Assignment 3

In addition to electronic submission, please also turn in hardcopy! I plan to grade the hardcopy. I will go to the electronic version while grading only if I need to. Hardcopy assignments can be turned in under my office door, AVW 3143, or you can turn it in early in class on Wednesday if it's done by then.

Finite-state automata

Consider the tokenizer in /afs/glue.umd.edu/class/fall2006/ling/723/0101/public/hw3/tokenize1.pl. Copy it to one of your own directories and run it by piping some text into standard input, i.e., at the Unix shell prompt (%), type:
```
% ./tokenize1.pl < example.txt
```
You can ignore the top and bottom of the Perl source; all that matters is the regular expression in the middle:
```
[A-Za-z]+    # words
| [0-9]+     # numbers
| 's | --    # some special symbols
| [^ ]       # individual symbols
```
Note that here whitespace and comments are allowed, and ignored, inside the regular expression (except inside square brackets, and except when escaped by a backslash).
1. Run the tokenizer on /afs/glue.umd.edu/class/fall2006/ling/723/0101/public/hw3/fireswamp.txt.
2. Extend the tokenizer to handle acronyms like R.O.U.S. and the like. It should be able to handle any acronym, not just a few. Provide your program listing and show that it works on fireswamp.txt.
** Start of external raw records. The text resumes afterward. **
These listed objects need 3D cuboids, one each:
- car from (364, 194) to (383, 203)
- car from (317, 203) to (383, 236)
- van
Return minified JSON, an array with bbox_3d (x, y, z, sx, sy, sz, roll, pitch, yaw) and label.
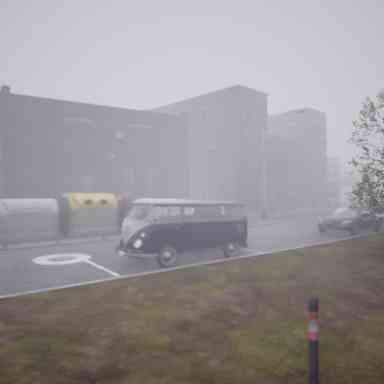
[{"bbox_3d":[12.769,1.147,21.430,5.566,2.045,2.435,1,0,-44],"label":"car"},{"bbox_3d":[8.564,1.449,17.790,4.674,1.452,2.002,1,0,-40],"label":"car"},{"bbox_3d":[-0.232,1.196,10.769,4.442,1.987,1.878,1,0,-38],"label":"van"}]
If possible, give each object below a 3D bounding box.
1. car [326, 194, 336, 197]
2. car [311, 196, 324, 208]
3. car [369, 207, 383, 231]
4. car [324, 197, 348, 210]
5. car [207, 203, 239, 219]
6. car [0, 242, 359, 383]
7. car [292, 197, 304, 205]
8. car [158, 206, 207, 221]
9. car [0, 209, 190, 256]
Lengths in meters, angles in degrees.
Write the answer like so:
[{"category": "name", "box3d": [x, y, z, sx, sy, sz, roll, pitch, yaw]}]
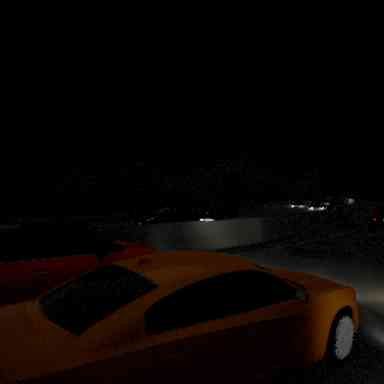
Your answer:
[{"category": "car", "box3d": [32.931, 1.581, 78.413, 2.150, 2.045, 5.566, 0, 0, 19]}, {"category": "car", "box3d": [20.522, 1.731, 54.277, 1.882, 1.535, 5.008, 0, 0, 22]}, {"category": "car", "box3d": [12.300, 1.607, 20.165, 2.033, 1.411, 5.357, 0, 0, 41]}, {"category": "car", "box3d": [17.797, 1.655, 40.425, 2.128, 1.511, 4.902, 0, -1, 29]}, {"category": "car", "box3d": [2.638, 1.697, 30.775, 1.994, 1.385, 4.181, 0, 0, 40]}, {"category": "car", "box3d": [0.139, 1.490, 4.093, 5.008, 1.535, 1.882, 0, 0, -37]}, {"category": "car", "box3d": [20.712, 1.682, 64.851, 2.097, 1.767, 4.553, 0, 0, 20]}, {"category": "car", "box3d": [-1.452, 1.608, 21.339, 4.674, 1.442, 1.812, 0, 0, -44]}, {"category": "car", "box3d": [-2.546, 1.374, 6.468, 4.553, 1.767, 2.097, 0, 0, -36]}]
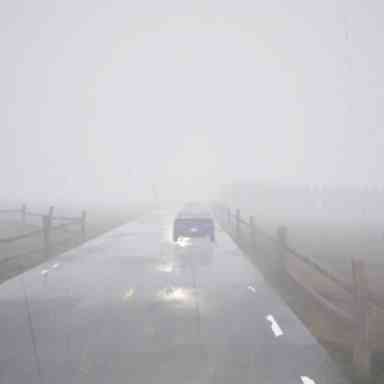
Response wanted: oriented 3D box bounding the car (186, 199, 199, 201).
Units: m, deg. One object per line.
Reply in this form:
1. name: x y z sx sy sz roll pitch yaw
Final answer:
1. car: 0.075 1.507 37.025 2.128 1.511 4.902 0 0 0

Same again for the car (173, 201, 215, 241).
1. car: 0.087 1.452 16.613 1.882 1.535 5.008 0 0 0

Show that it works on other acronyms by running on the following sentence:
  - "Not Spew," said Hermione impatiently. "It's S.P.E.W. Stands for the Society for the Promotion of Elfish Welfare."
3. Identify another problem in fireswamp.txt and fix it. Provide your program listing and the output on fireswamp.txt.
Extend your implementation of depth-first search from last week to simulate a nondeterministic finite-state automaton (NFA):
1. Change your graph representation to allow arc labels. Encode the following NFA:
2. Change the "push" step of the algorithm to push (state, position) pairs instead of just nodes (see J&M book, p. 44). Provide your program listing.
3. Demonstrate that your algorithm works correctly using the following example strings and a few others:
  - aaa
  - bbb
  - aab

Language models

In this exercise, we are going to play with some real language models using the simple programs shown in class. They are in /afs/glue.umd.edu/class/fall2006/ling/723/0101/public/hw3/ and are called make-lm.py, lm-score.py, and lm-generate.py. You can copy them to your own directory or run them where they are. It is assumed below that you have copied them to your own directory. There are also some corpora in /afs/glue.umd.edu/class/fall2006/ling/723/0101/public/texts. Please don't copy these, as they are sizable.
1. Create a bigram language model out of the Princess Bride script:
```
% ./make-lm.py -n 2 /afs/glue.umd.edu/class/fall2006/ling/723/0101/public/texts/princess.txt -o princess.lm
```
  Have a look at the language model file. It should look like:
```
sword. </s>     1.000000
memory. </s>    1.000000
at seeing       0.009709
at all  0.019417
at least,       0.009709
at her. 0.009709
at her, 0.019417
at hand,        0.009709
at last,        0.019417
at Humperdinck. 0.009709
```
  Each line has an n-gram, and a probability: for example, the first line gives P(</s>|sword.). Notice that we have not done any tokenization -- you are welcome to try it with a tokenizer, but for consistency's sake we will all try untokenized text first.
2. Use the probabilities in the language model file to calculate the probability of the string
```
I'm not left-handed.
```
  Use grep to find the n-grams in the language model file, and of course you may use a calculator to multiply the probabilities together. Don't forget the start and stop symbols. Show the individual n-gram probabilities you used. Check your work against the computer's:
```
% ./lm-score.py -m princess.lm
I'm not left-handed.
[Press control-D; you may have to press it twice]
I'm not left-handed.     => exp(-n.nnnnn)
```
  The computer gives the answer as a logarithm (base 10) because in practice these probabilities can get very small.
3. Give the random generator a try:
```
% ./lm-generate.py -m princess.lm -r 10
```
  The -r 10 specifies the number of random sentences to generate.
4. Now for the interesting part: create some more language models on the same text, using different values of n (use the -n option). Try at least n=1 and n=3 or 4. For these new language models, looking up the probability of the string again -- what happens? Generating some random sentences -- does the quality go up or down? Explain.